Charging terminal and security patrol robot

Technical Field

The utility model relates to the technical field of robot, especially, relate to a charging terminal and security protection patrol robot.

Background

At present, the robot industry is rapidly developed due to the influence of the annual rise of the human cost, and the continuous improvement of the scientific and industrial technical level, so that robots are increasingly adopted to replace people to complete various work contents in various industries.

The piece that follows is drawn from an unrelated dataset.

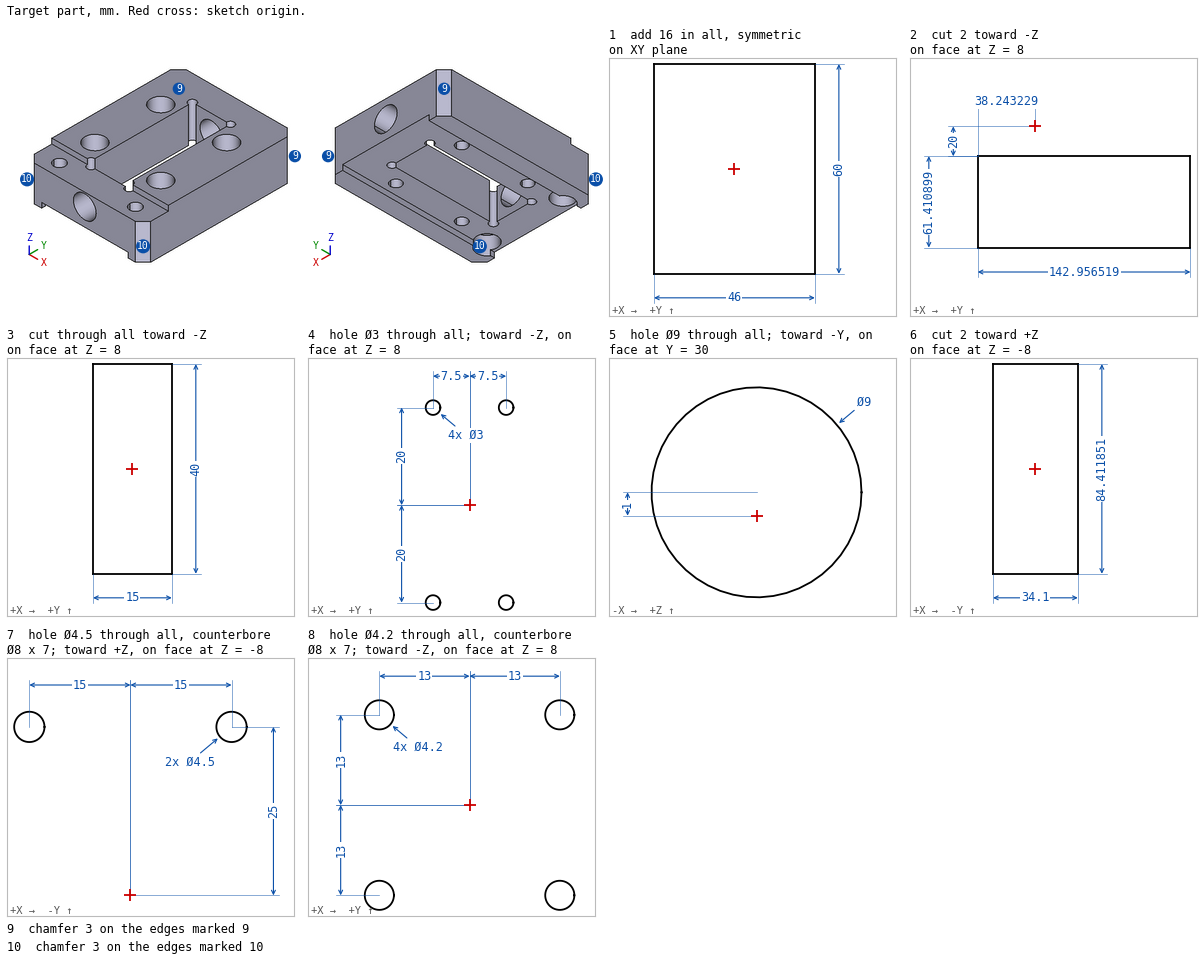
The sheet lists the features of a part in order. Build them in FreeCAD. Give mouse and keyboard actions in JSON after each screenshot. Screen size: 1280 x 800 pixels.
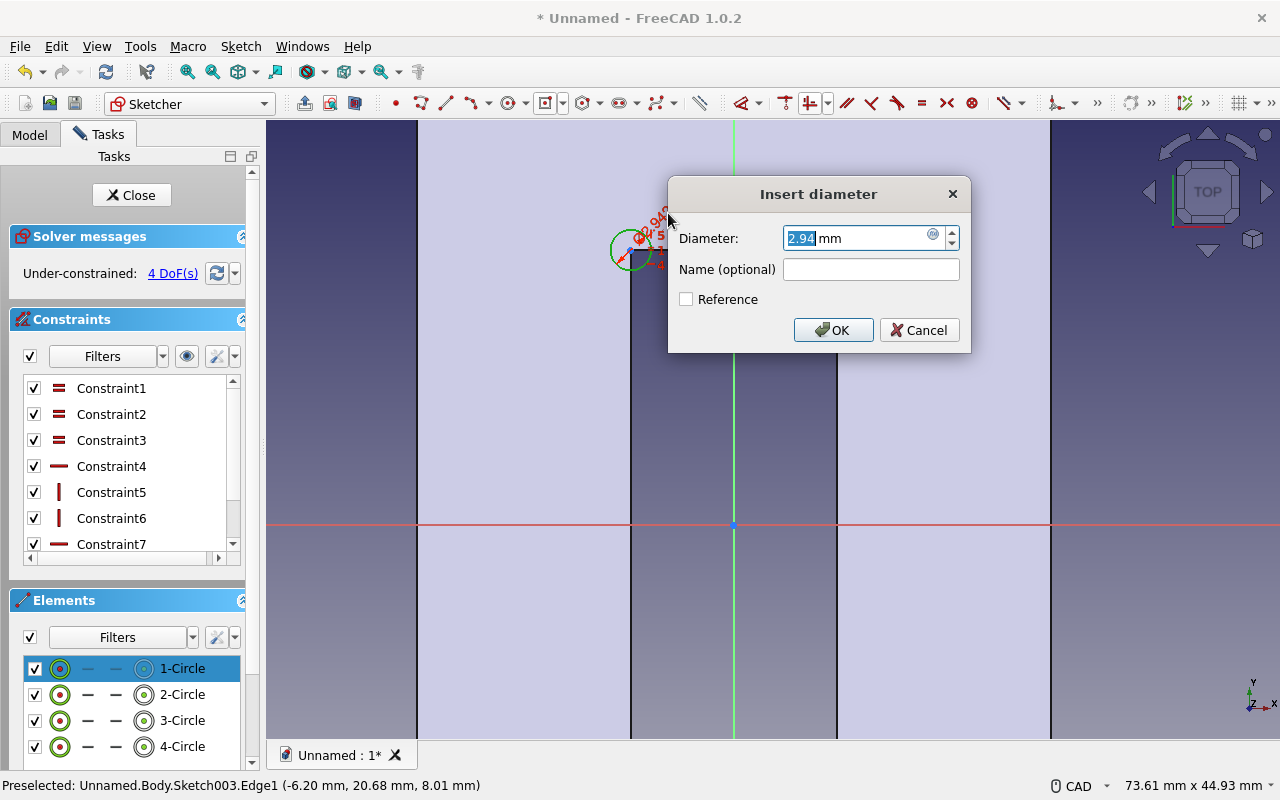
{"action": "type", "text": "3"}
{"action": "key", "text": "Return"}

The robots may be classified into construction robots, security patrol robots, service robots, etc. according to the field, and these various robots have a common point in that a battery is required as an energy supply device to supply electric energy required for operation, and the robots are further provided with charging electrodes in order to ensure their sustainable operation capability. When the electric energy is about to exhaust, the robot moves to the position of the charging pile, so that the charging electrode is in contact conduction with the power supply electrode, and the charging of the battery on the robot can be realized.

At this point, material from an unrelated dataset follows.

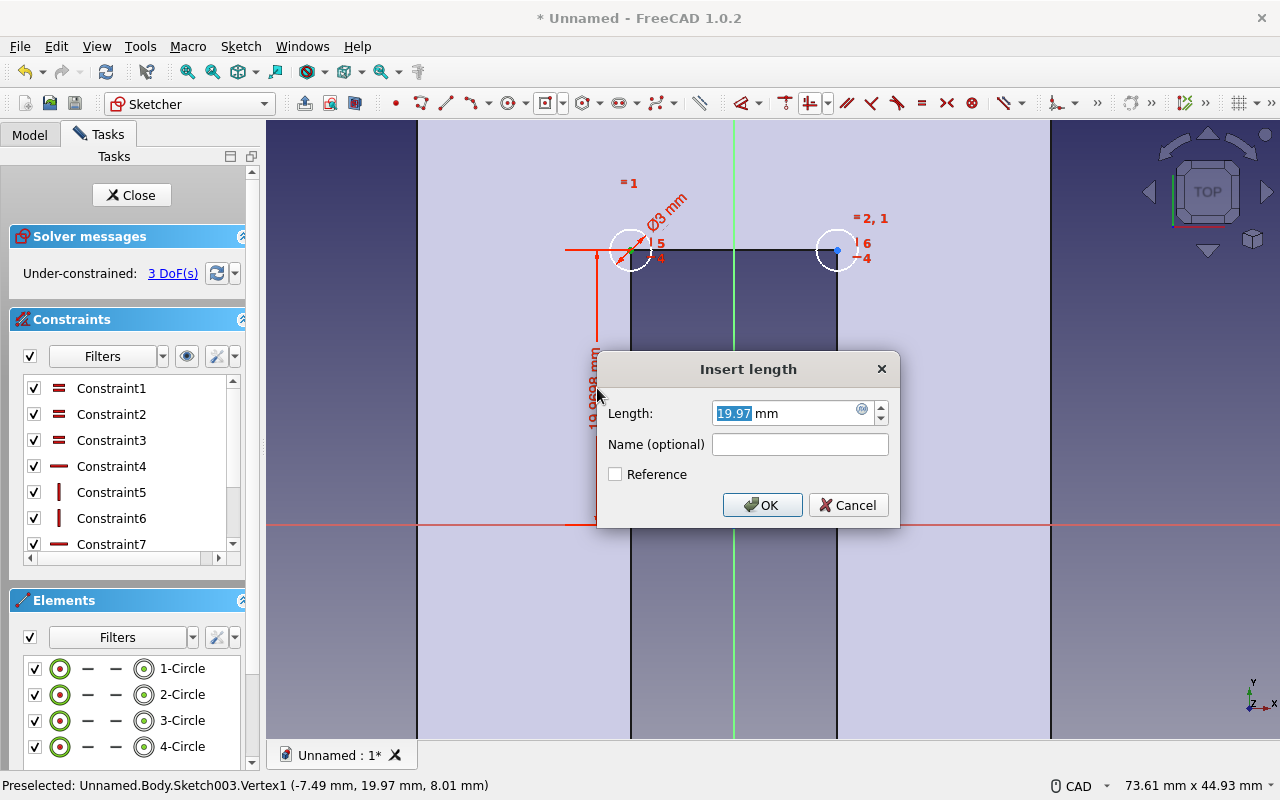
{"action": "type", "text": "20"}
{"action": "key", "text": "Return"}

However, most of the existing charging electrodes are directly mounted on the electrode mounting base, the charging electrodes are connected with the battery through wires, water in the external environment easily permeates into the electrode mounting base, and corrodes electrical elements such as the wires and the charging electrodes, so that the charging electrodes cannot be charged normally, the problem of poor working of the robot is caused finally, and the use performance and reliability of the robot are greatly influenced.

SUMMERY OF THE UTILITY MODEL

Based on this, it is necessary to provide a charging terminal and a security patrol robot, and the purpose is to solve the problems that the sealing and waterproof capability is not sufficient, the charging electrode is easy to corrode, and the working reliability of the robot is affected in the prior art.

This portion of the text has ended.